Some readers on Facebook were shocked to see a recent picture of a crew tearing down the former Romano’s Macaroni Grill building at Mayfaire Town Center, asking why the restaurant space couldn’t be reused.
While reusing a vacant commercial building is often an option, there can be important reasons, local commercial building and real estate experts say, why it makes more sense to demolish certain structures, especially those with no historical significance.
“Buildings, a lot of times, have a life to them,” explained David F. Michael, vice president of project operations for Clancy & Theys, a construction company with a Wilmington division that has worked on numerous high-profile projects. In tear-down or major renovation cases, “they’ve outlived their lives,” he said.
It’s likely that the former Macaroni Grill building, a 6,500-square-foot structure built in 2004, didn’t fit the needs of potential new tenants. But officials with Mayfaire Town Center property owner CBL Properties declined to comment specifically on the purpose of the demolition.
“Our leasing team is working with a number of potential tenants to fill the parcel.
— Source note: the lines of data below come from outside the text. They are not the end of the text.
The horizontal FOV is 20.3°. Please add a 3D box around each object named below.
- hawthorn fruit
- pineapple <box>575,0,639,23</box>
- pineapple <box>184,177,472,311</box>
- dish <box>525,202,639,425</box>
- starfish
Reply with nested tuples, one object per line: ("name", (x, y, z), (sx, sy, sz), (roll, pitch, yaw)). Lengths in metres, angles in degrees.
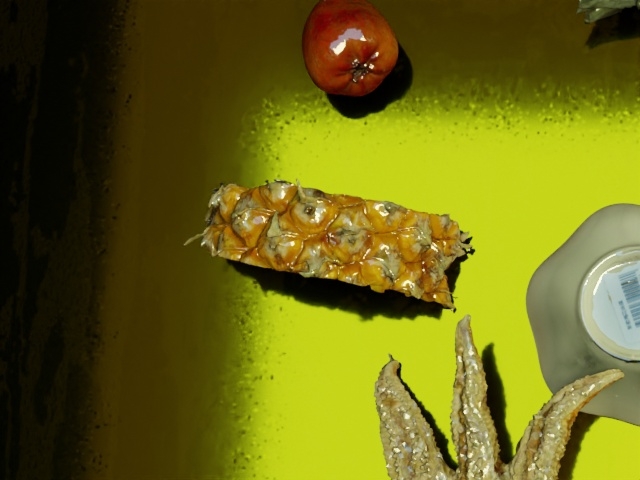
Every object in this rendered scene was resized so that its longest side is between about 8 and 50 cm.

However, we cannot make announcements until leases are signed,” said Paige Coniglio, specialty leasing manager and marketing director for Mayfaire, in an email April 4.
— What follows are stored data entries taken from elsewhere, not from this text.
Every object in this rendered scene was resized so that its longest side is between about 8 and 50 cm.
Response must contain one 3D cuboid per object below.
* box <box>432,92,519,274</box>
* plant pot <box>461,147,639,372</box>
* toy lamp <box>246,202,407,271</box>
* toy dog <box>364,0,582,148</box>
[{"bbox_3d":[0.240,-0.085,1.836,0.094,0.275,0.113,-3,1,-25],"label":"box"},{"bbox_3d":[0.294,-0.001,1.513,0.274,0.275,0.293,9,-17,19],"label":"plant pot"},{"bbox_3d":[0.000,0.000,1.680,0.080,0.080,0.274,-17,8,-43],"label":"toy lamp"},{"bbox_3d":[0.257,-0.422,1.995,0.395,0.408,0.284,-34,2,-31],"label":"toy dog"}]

The Mayfaire building isn’t the only structure that’s recently been erased in Wilmington. Others are on the chopping block. The Sears store at The Collection at Independence (formerly Independence Mall) at 3500 Oleander Drive will be demolished as part of a mall redevelopment project that’s expected to add residential units, a hotel and medical office to the 44-acre site. Some parts of the mall that are indoors will be transformed for exterior-facing retail.
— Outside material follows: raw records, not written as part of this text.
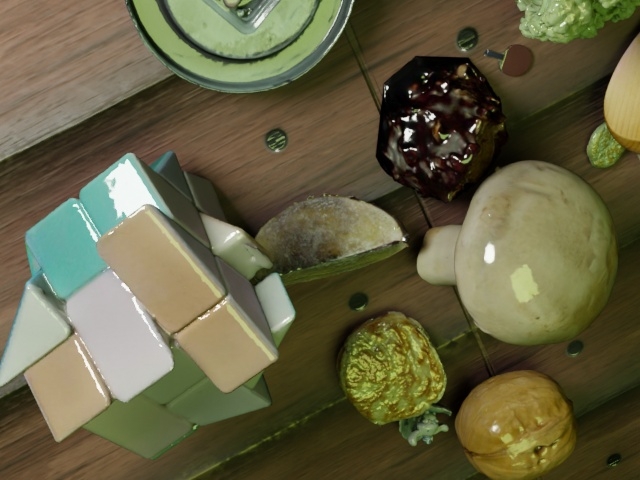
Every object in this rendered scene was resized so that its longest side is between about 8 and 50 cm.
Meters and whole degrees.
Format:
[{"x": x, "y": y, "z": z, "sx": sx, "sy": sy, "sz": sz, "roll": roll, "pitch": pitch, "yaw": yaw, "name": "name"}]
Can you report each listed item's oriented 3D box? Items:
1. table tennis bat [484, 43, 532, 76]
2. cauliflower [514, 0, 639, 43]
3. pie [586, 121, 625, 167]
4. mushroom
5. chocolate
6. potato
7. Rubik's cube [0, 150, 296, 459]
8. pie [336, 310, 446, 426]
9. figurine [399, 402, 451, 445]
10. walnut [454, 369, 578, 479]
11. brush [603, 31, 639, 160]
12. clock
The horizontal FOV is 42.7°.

The aim is to create an experience in response to what shoppers are demanding these days, mall officials have said.
Eric Dinenberg, executive vice president of development, construction and operations for Rouse Properties, said at the 2018 Wilmington- Biz Conference and Expo on April 5, “We want to give you options. We want you to be able to experience the shopping center, The Collection at Independence, however you want to experience that. Maybe that’s inside the mall. Maybe that’s sitting outside and reading a book and not doing any shopping. Maybe it’s living there ... Whatever it is, we want to be your destination for that. And I think our plans reflect that,” he said.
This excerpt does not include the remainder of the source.